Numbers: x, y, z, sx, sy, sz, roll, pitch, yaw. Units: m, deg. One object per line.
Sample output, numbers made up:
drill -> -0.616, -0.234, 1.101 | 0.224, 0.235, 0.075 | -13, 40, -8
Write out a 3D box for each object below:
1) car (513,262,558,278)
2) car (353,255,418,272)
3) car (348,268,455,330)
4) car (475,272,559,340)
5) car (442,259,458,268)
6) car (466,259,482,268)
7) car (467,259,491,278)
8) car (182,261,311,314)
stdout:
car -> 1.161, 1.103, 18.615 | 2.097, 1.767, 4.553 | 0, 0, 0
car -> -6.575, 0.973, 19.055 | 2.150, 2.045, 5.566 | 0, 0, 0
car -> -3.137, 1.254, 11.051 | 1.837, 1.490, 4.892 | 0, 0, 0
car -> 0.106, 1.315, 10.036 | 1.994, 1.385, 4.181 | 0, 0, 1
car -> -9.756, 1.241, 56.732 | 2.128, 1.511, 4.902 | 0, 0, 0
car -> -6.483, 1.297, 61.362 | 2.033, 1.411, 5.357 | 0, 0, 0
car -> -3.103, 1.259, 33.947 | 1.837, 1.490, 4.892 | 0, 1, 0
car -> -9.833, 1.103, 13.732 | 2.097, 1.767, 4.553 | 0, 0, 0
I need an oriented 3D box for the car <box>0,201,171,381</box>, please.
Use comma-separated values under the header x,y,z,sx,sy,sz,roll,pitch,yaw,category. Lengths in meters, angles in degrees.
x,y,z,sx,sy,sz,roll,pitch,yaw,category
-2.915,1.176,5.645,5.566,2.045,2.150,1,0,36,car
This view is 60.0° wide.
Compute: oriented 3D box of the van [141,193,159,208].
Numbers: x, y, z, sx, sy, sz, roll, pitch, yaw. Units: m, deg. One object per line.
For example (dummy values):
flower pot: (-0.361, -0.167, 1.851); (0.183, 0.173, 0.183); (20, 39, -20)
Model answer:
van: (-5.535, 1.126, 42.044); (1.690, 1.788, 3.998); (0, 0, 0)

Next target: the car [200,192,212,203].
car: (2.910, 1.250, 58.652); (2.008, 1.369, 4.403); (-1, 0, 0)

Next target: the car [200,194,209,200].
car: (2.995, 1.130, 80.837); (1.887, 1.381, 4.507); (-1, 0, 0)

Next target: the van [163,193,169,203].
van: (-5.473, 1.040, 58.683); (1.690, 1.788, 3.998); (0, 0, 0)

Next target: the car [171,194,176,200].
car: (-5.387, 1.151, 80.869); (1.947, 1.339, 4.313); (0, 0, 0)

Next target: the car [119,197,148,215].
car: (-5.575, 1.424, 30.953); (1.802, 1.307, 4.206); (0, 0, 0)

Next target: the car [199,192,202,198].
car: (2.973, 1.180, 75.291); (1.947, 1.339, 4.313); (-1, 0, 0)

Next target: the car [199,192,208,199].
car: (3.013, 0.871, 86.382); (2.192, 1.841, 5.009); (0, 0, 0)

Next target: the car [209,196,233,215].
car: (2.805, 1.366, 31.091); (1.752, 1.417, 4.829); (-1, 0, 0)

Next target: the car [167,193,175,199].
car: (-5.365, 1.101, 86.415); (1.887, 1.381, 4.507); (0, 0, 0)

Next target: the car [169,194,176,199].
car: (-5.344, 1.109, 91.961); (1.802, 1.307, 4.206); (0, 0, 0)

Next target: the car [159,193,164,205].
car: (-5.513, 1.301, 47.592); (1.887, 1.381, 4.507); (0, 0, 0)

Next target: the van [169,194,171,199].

◆ ◆ ◆ ◆ ◆

● Work task
When you answer, repeat each entry exactly as it appears above.

● Task response
Numbers: x, y, z, sx, sy, sz, roll, pitch, yaw. Units: m, deg. One object per line.
Sample output, numbers made up:
drill -> -0.616, -0.234, 1.101 | 0.224, 0.235, 0.075 | -13, 40, -8
Write out a 3D box for each object below:
1) car (513,262,558,278)
2) car (353,255,418,272)
3) car (348,268,455,330)
4) car (475,272,559,340)
5) car (442,259,458,268)
6) car (466,259,482,268)
7) car (467,259,491,278)
8) car (182,261,311,314)
stdout:
car -> 1.161, 1.103, 18.615 | 2.097, 1.767, 4.553 | 0, 0, 0
car -> -6.575, 0.973, 19.055 | 2.150, 2.045, 5.566 | 0, 0, 0
car -> -3.137, 1.254, 11.051 | 1.837, 1.490, 4.892 | 0, 0, 0
car -> 0.106, 1.315, 10.036 | 1.994, 1.385, 4.181 | 0, 0, 1
car -> -9.756, 1.241, 56.732 | 2.128, 1.511, 4.902 | 0, 0, 0
car -> -6.483, 1.297, 61.362 | 2.033, 1.411, 5.357 | 0, 0, 0
car -> -3.103, 1.259, 33.947 | 1.837, 1.490, 4.892 | 0, 1, 0
car -> -9.833, 1.103, 13.732 | 2.097, 1.767, 4.553 | 0, 0, 0
I need an oriented 3D box for the car <box>0,201,171,381</box>, please.
Use comma-separated values under the header x,y,z,sx,sy,sz,roll,pitch,yaw,category. Lengths in meters, angles in degrees.
x,y,z,sx,sy,sz,roll,pitch,yaw,category
-2.915,1.176,5.645,5.566,2.045,2.150,1,0,36,car
This view is 60.0° wide.
Compute: oriented 3D box of the van [141,193,159,208].
Numbers: x, y, z, sx, sy, sz, roll, pitch, yaw. Units: m, deg. One object per line.
For example (dummy values):
flower pot: (-0.361, -0.167, 1.851); (0.183, 0.173, 0.183); (20, 39, -20)
Model answer:
van: (-5.535, 1.126, 42.044); (1.690, 1.788, 3.998); (0, 0, 0)

Next target: the car [200,192,212,203].
car: (2.910, 1.250, 58.652); (2.008, 1.369, 4.403); (-1, 0, 0)

Next target: the car [200,194,209,200].
car: (2.995, 1.130, 80.837); (1.887, 1.381, 4.507); (-1, 0, 0)

Next target: the van [163,193,169,203].
van: (-5.473, 1.040, 58.683); (1.690, 1.788, 3.998); (0, 0, 0)

Next target: the car [171,194,176,200].
car: (-5.387, 1.151, 80.869); (1.947, 1.339, 4.313); (0, 0, 0)

Next target: the car [119,197,148,215].
car: (-5.575, 1.424, 30.953); (1.802, 1.307, 4.206); (0, 0, 0)

Next target: the car [199,192,202,198].
car: (2.973, 1.180, 75.291); (1.947, 1.339, 4.313); (-1, 0, 0)

Next target: the car [199,192,208,199].
car: (3.013, 0.871, 86.382); (2.192, 1.841, 5.009); (0, 0, 0)

Next target: the car [209,196,233,215].
car: (2.805, 1.366, 31.091); (1.752, 1.417, 4.829); (-1, 0, 0)

Next target: the car [167,193,175,199].
car: (-5.365, 1.101, 86.415); (1.887, 1.381, 4.507); (0, 0, 0)

Next target: the car [169,194,176,199].
car: (-5.344, 1.109, 91.961); (1.802, 1.307, 4.206); (0, 0, 0)

Next target: the car [159,193,164,205].
car: (-5.513, 1.301, 47.592); (1.887, 1.381, 4.507); (0, 0, 0)

Next target: the van [169,194,171,199].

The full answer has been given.